## Records provided
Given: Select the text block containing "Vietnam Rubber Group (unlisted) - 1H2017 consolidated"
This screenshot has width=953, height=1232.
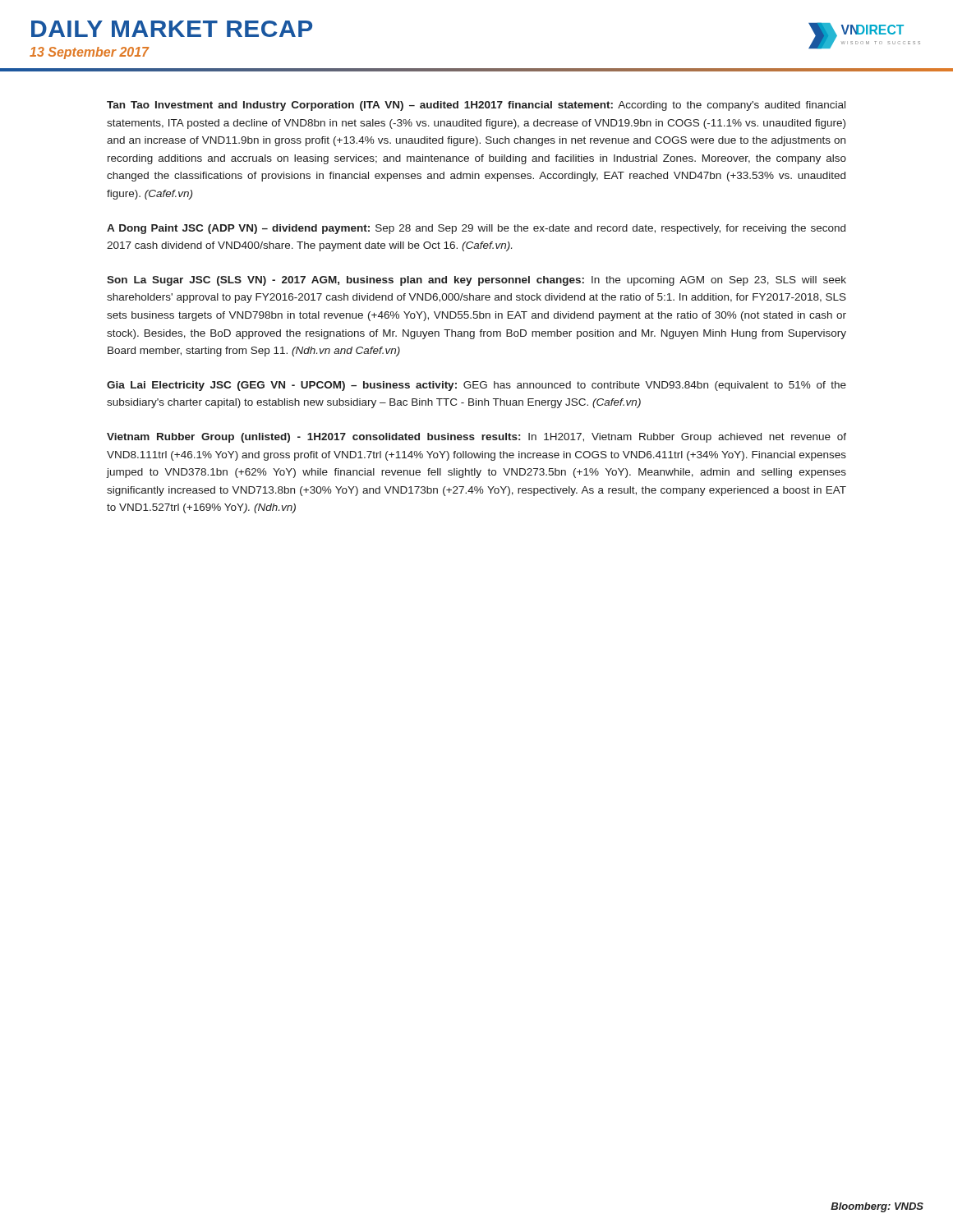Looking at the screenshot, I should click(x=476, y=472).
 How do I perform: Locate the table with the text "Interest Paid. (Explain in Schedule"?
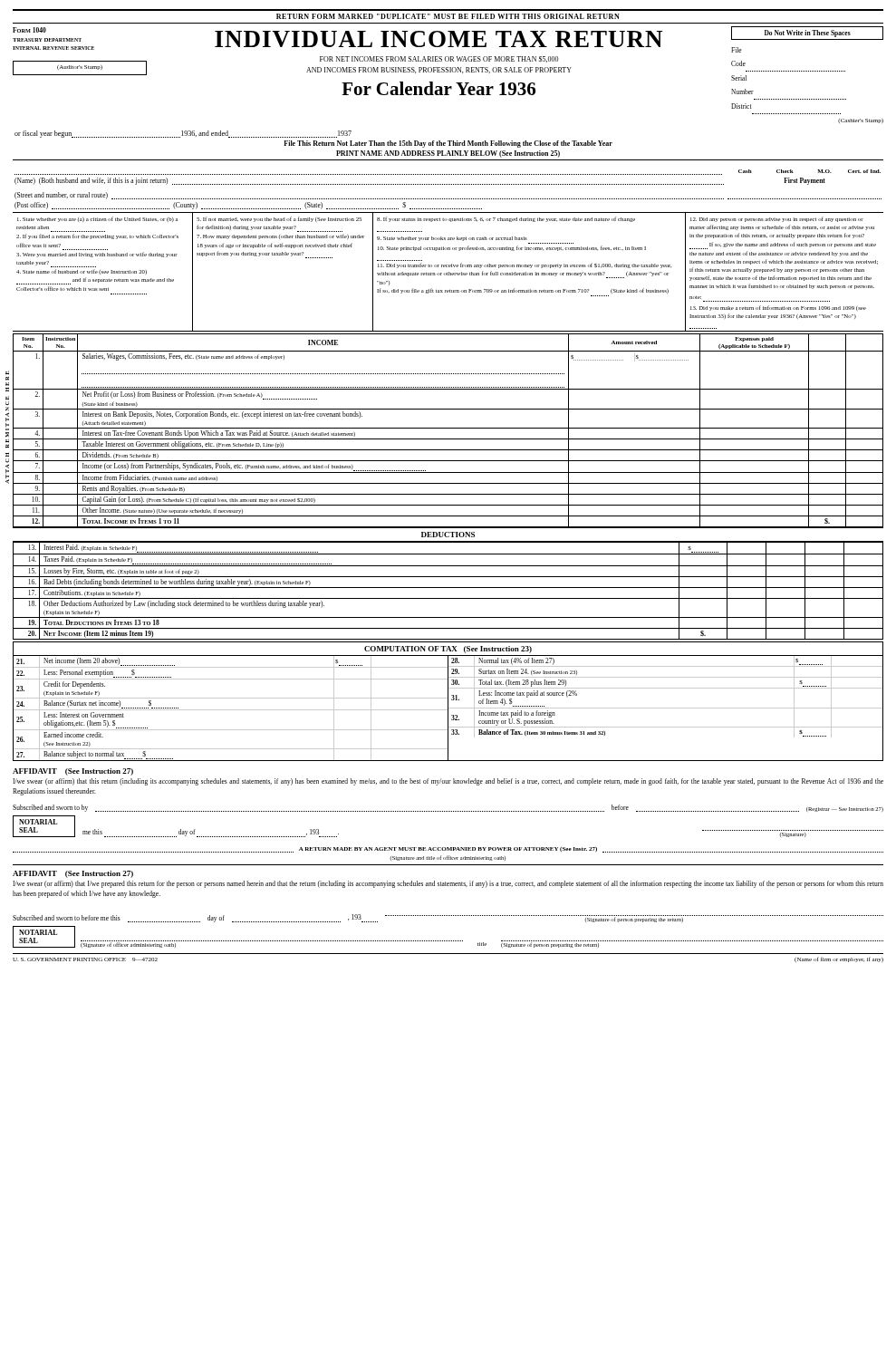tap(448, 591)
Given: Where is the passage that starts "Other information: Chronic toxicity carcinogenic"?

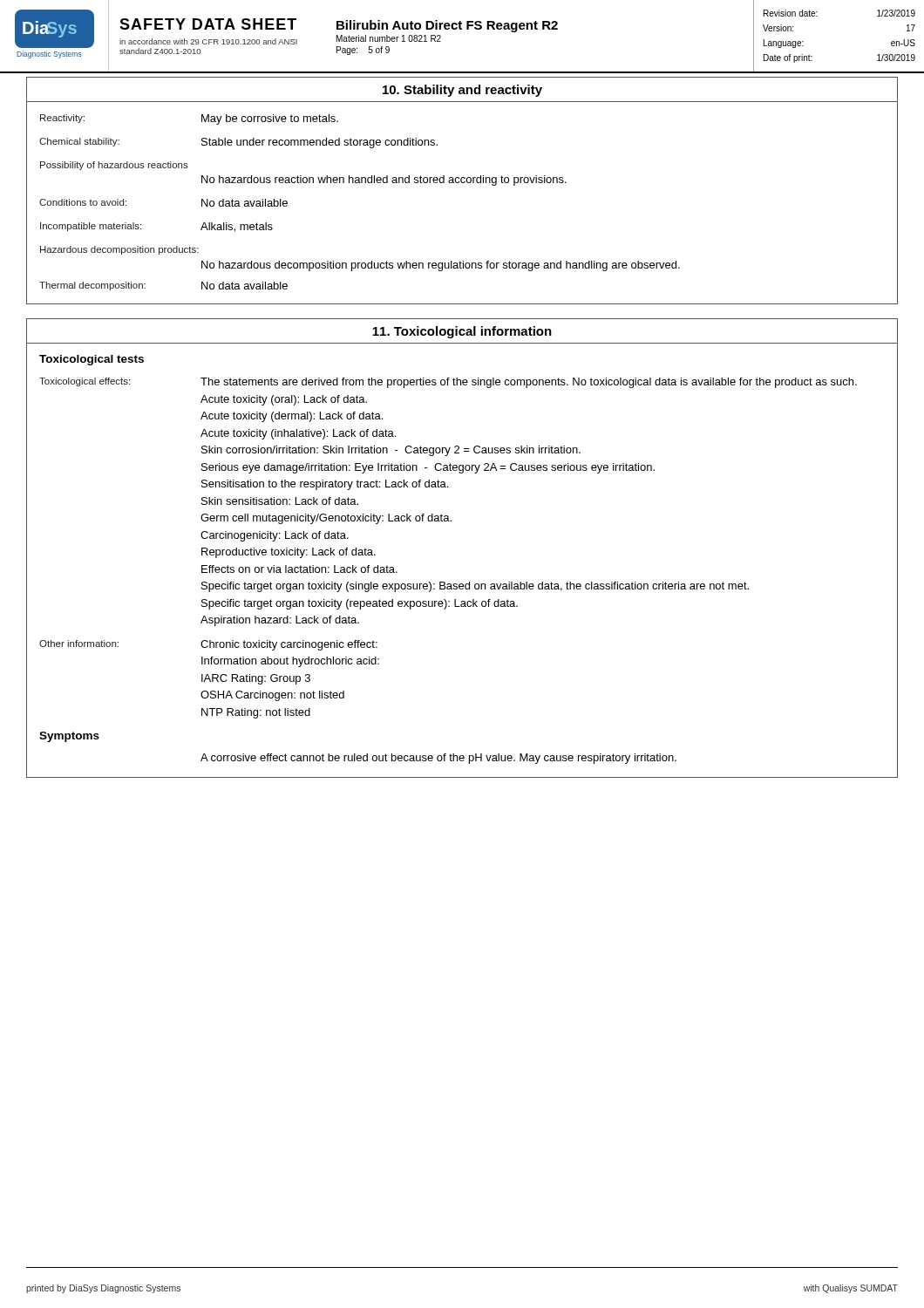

## Your assignment
This task calls for an exact copy of the data above, without pictures.

## Task response
Given: Select the text block containing "Vietnam Rubber Group (unlisted) - 1H2017 consolidated"
This screenshot has width=953, height=1232.
Looking at the screenshot, I should click(x=476, y=472).
 How do I perform: Locate the table with the text "Interest Paid. (Explain in Schedule"?
tap(448, 591)
Given: Where is the passage that starts "Other information: Chronic toxicity carcinogenic"?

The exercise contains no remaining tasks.